In the classical strategy sense, patents are much like castles in the middle ages that warlords used to claim land. A well placed castle forced opponents to either attack the castle, often at prohibitive cost, or to live with that castle through avoidance, tribute, or an alliance with its owners.
Likewise, a valuable patent will stake a claim in the intellectual property space, and will have value if at least one other entity of merit would like to own that space, meaning the opponent will have to attack the patent, avoid it, pay tribute, or establish an alliance. All four of these actions, if you commit to enforce your patent, present an opportunity to monetize the patent, here speaking broadly on the range of value that a patent can deliver, from the high profits of enforced exclusivity on commercially valuable inventions to open licenses.
Even when an organization declares its patents as purely defensive, it should consider an IP enforcement program.

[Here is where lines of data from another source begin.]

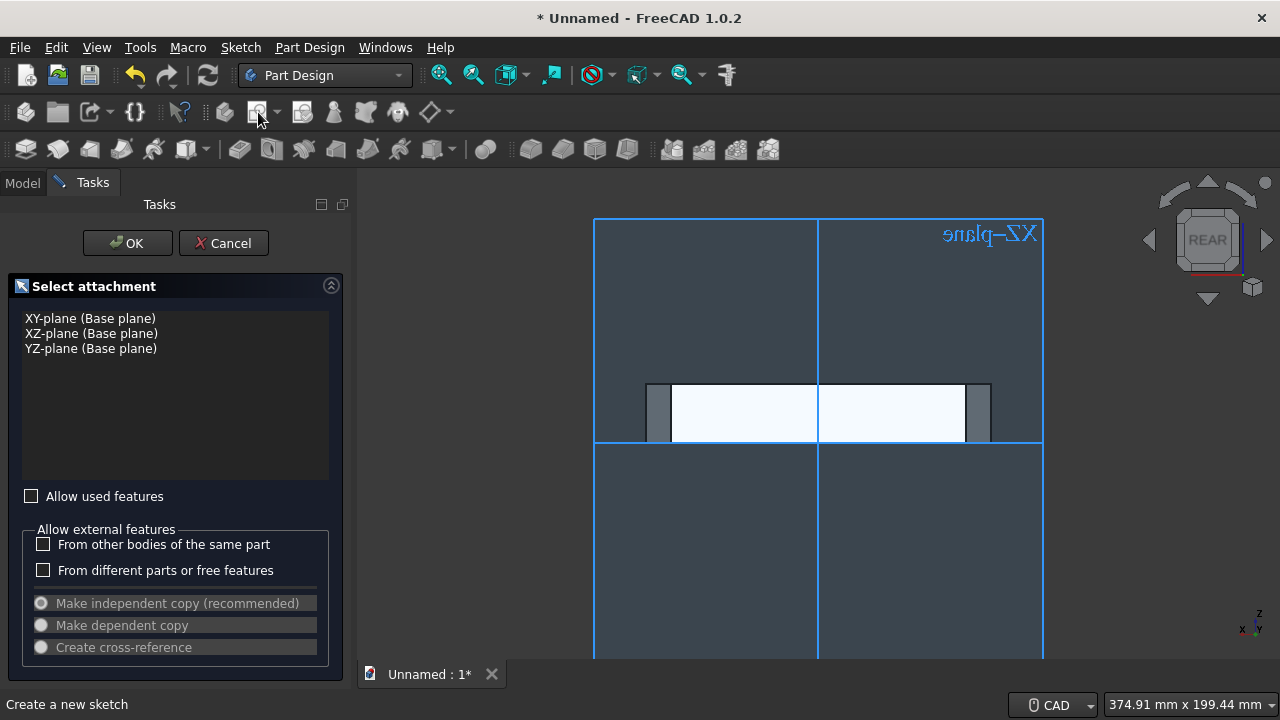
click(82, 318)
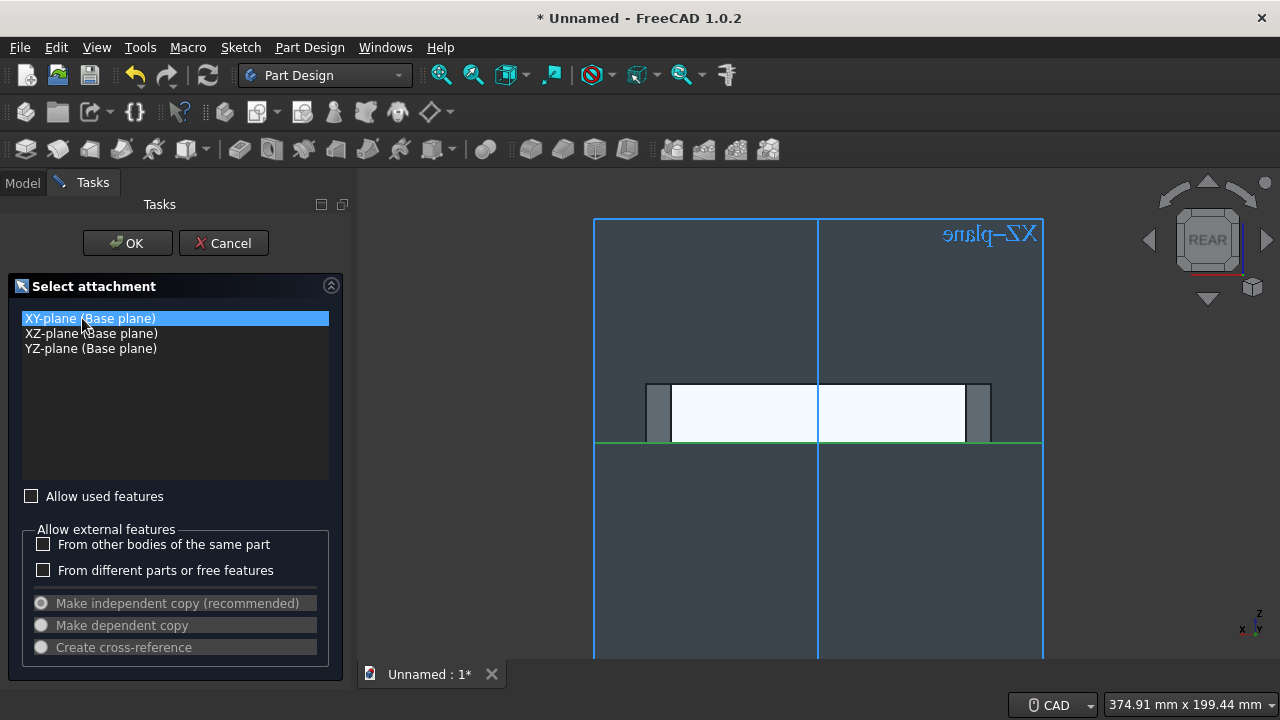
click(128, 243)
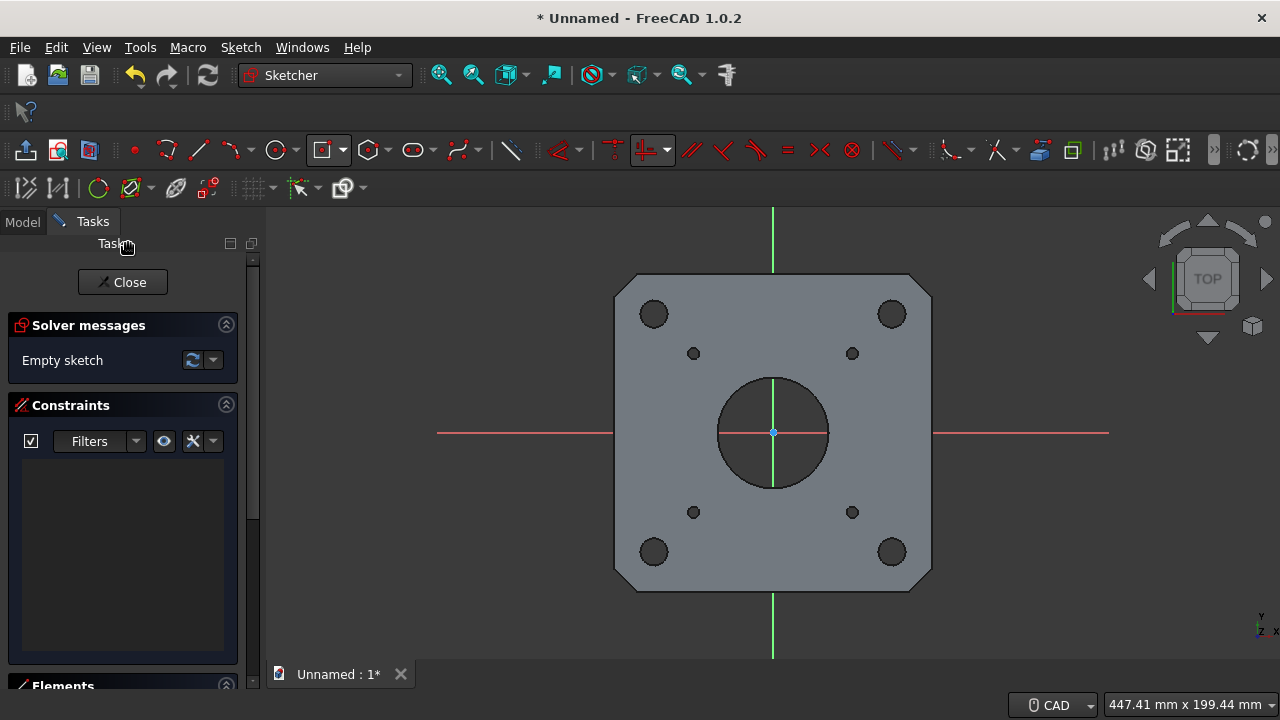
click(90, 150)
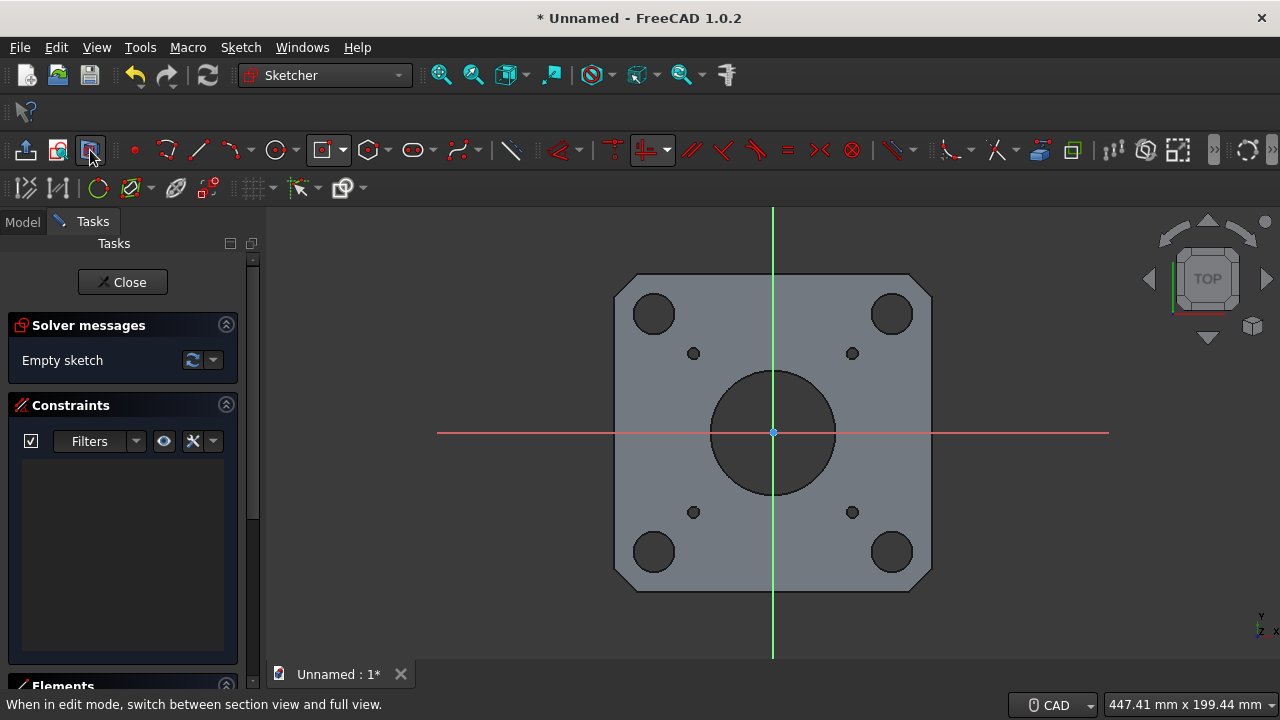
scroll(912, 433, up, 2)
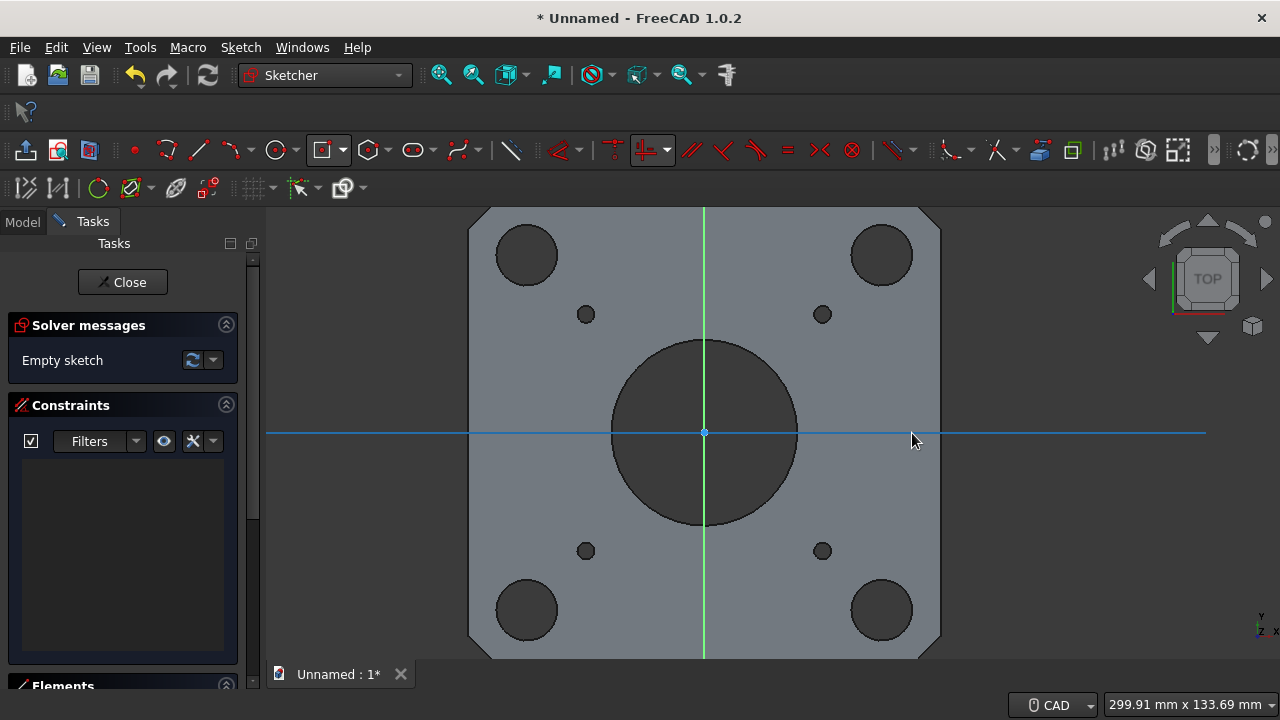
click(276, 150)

It is a natural extension of the granted right to enforce exclusivity that the owning entity have an IP enforcement program. An IP enforcement program offers three key benefits:
1. It causes potential opponents to respect the patent position, thereby making the position a defense of merit – a “no trespassing” sign to be respected and not ignored.
2. It creates a discipline of drafting high-quality patents, given that an IP enforcement program will ferret out those patents that do not have value either because no one else cares about the space or the patent is not enforceable – lacking an IP enforcement program, low quality patents can represent a significant percentage of the portfolio.
3. It can deliver revenue and profits that would otherwise be money in the pockets of other entities – and the profit margin tends to be high.
As with so much in IP, an IP enforcement program begins with solid IP research. IP research allows you to understand the opportunities and the challenges inherent in your position so that you can make good decisions and take good actions that do not leave value on the table.